I never have liked running a saw.  It's a necessary evil.


----------



## SolarAndWood (Sep 3, 2009)

Other than burning it, cutting is my favorite.  Splitting on the other hand...  

N60, your 272 with a chisel chain would be sheer pleasure in hardwoods.


----------



## maplewood (Sep 3, 2009)

Hey, Quads - you're getting quite camera-happy!  You've clearly got the hang of this.  
I won't speak ill of your saw - it cuts!  I will speak well of a bigger, sharper saw, though - it would cut better, and you'd probably start smiling while cutting.  
Thanks for the post, and happy burning.


----------



## CTburning (Sep 3, 2009)

Get those saws running right and you will enjoy cutting more.  I have a crappy saw but it runs well and cuts ok.  It is no fun working with equipment that is always breaking down or not running properly.  For all the time you spend cutting, isn't it worth an hour or two tinkering with the saw to get it running correctly?


----------



## quads (Sep 3, 2009)

I like to take pictures, at least as much as I like to split wood.  Last year alone I snapped over 10,000 pictures with my Canon SX100 IS.

I must admit, as long as I can get one saw to run long enough to cut some wood for splitting, I'm happy!  In between milking the cows and everything else, and as little as I actually like running a saw, I don't spend any time working on them unless absolutely necessary to get one running again.

The saw in the video above always runs too rich.  The one that now runs too lean was my favorite saw because it ran so much better, until it developed the problem.  Then I started using the rich one.   When I first bought it from the neighbor, it didn't even have power enough to pull the chain through the wood.
I ripped the screen out of the muffler:






Then I put my worst worn out air filter on it, because it still ran too rich with a filter that had all the "fuzz" yet:




Now it runs at least as good as you see in the video above.  Before that it would kill all the mosquitoes in the woods and cut nothing.

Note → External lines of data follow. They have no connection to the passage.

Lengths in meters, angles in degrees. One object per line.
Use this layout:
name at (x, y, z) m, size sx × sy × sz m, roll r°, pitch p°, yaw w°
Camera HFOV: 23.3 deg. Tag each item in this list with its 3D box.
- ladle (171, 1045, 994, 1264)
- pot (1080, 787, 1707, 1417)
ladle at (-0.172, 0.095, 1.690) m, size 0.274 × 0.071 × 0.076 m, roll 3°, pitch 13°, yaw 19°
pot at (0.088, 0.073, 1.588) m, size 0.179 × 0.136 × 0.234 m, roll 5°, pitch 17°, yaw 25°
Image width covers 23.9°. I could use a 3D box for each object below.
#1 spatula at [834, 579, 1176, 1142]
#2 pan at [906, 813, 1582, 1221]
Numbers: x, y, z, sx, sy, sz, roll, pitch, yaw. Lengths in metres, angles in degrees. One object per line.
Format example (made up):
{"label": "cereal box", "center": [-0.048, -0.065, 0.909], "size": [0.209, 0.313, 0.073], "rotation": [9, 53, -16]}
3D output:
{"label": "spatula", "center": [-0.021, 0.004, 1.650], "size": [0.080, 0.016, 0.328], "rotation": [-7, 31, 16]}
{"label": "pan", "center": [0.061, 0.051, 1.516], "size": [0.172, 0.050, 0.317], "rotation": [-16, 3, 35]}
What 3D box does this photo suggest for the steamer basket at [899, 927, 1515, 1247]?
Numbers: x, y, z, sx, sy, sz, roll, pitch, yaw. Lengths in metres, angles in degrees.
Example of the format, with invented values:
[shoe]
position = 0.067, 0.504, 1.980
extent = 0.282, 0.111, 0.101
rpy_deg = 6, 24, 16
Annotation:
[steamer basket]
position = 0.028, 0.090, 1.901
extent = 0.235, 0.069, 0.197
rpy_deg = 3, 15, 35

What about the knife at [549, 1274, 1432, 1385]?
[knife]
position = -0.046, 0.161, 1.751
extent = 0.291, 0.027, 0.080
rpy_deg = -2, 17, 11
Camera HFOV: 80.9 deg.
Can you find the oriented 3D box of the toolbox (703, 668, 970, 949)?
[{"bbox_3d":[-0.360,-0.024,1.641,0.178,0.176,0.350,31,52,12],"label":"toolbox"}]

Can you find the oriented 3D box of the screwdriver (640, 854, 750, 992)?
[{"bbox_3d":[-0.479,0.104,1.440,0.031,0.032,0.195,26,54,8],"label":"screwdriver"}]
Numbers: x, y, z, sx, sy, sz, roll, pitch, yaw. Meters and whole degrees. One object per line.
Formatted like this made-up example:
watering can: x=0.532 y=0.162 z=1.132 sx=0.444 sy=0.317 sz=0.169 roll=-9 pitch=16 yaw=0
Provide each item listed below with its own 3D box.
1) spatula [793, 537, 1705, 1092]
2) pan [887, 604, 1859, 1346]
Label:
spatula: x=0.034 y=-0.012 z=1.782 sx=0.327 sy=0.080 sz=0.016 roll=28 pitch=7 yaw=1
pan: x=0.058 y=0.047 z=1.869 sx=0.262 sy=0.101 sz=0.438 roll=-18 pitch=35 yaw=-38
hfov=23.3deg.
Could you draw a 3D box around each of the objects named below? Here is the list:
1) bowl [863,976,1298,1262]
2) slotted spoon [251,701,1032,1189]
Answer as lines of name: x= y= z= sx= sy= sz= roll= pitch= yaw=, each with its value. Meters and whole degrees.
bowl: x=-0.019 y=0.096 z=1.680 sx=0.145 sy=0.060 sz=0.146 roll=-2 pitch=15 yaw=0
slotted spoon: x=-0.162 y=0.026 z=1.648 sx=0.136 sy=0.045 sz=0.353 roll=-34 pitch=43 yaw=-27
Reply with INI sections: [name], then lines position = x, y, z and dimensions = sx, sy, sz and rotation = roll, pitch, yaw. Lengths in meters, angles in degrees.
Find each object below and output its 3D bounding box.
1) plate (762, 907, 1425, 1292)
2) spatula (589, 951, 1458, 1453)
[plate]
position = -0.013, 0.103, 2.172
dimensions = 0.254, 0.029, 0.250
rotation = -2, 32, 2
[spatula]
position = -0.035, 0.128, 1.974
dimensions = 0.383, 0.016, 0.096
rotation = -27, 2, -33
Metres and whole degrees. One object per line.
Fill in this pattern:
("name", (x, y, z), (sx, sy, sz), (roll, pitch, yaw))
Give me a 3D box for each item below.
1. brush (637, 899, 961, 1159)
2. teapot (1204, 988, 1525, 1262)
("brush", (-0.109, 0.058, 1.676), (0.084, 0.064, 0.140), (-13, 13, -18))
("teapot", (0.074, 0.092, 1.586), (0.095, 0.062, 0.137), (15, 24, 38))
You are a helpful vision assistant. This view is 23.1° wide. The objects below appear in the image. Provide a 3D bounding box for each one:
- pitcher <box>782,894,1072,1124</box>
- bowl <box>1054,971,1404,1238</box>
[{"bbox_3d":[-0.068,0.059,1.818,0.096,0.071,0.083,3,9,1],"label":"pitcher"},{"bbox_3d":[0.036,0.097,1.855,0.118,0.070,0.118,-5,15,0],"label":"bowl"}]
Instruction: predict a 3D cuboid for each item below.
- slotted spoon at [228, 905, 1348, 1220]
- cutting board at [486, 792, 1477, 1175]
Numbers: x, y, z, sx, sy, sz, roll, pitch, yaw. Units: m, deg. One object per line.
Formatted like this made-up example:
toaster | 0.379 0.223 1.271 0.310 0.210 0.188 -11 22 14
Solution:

Like I mentioned before, I am no good at sharpening chain.  Never could do it with a file.  Sometimes I would screw it up so bad that the chain would cut so crooked it would wedge itself in a log!  Imagine that!  Ha ha!  No kidding.  I'm so bad that I never even carry a file in the woods with me.  When the chain gets dull, I go home.  Here's the tools that I use now for sharpening my chain, and I can do a better job with them, at least good enough to make firewood from trees:





And here's a picture of my current chain:





I have thought about buying a new saw, but money is always a big issue.  The one I had my eye on was a Stihl 250 because it's small and light like my 026 saws.  That's important to me, since my main woods vehicle is my ATV.  The smaller and lighter the better.  But, when I was looking at the 250 I noticed the 290 is only $20 more.  So, even though the 290 is bigger and heavier, for only 20 bucks more it's a lot more saw.  Not that it matters because I won't be able to buy a new one anyway unless it's an emergency, like when the old "rich runner" conks out!


----------



## karri0n (Sep 3, 2009)

From the vid, it just looks like the chain is dull. If it's making dust and not chips, you've got an issue. No offense intended here at all, but my Poulan went through wood that size faster when it still had the safety chain that the previous owner abused the hell out of. I have a semi chisel oregon chain(13 bucks) on it now and it would eath through that wood in less than half the time of your vid. I do think you would enjoy cutting a lot more(and be safer) if you got a new chain. I used mine all season and haven't taken a file to it, and it still eats. I will need to learn to file sometime soon, though.


----------



## firefighterjake (Sep 3, 2009)

karri0n said:
			
		

> From the vid, it just looks like the chain is dull. If it's making dust and not chips, you've got an issue. No offense intended here at all, but my Poulan went through wood that size faster when it still had the safety chain that the previous owner abused the hell out of. I have a semi chisel oregon chain(13 bucks) on it now and it would eath through that wood in less than half the time of your vid. I do think you would enjoy cutting a lot more(and be safer) if you got a new chain. I used mine all season and haven't taken a file to it, and it still eats. I will need to learn to file sometime soon, though.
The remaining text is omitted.